What is the number of lines in the data that include the string "list"? Give it by itself.

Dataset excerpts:

◇ ◇ ◇ ◇

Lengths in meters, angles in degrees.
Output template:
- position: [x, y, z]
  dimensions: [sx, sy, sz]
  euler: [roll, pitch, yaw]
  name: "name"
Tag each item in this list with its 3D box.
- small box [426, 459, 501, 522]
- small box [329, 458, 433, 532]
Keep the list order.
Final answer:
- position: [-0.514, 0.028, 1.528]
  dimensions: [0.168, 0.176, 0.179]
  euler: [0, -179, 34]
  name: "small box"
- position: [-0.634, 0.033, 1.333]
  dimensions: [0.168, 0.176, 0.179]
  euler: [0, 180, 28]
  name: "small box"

◇ ◇ ◇ ◇

:: EXERCISE ANSWER ::
2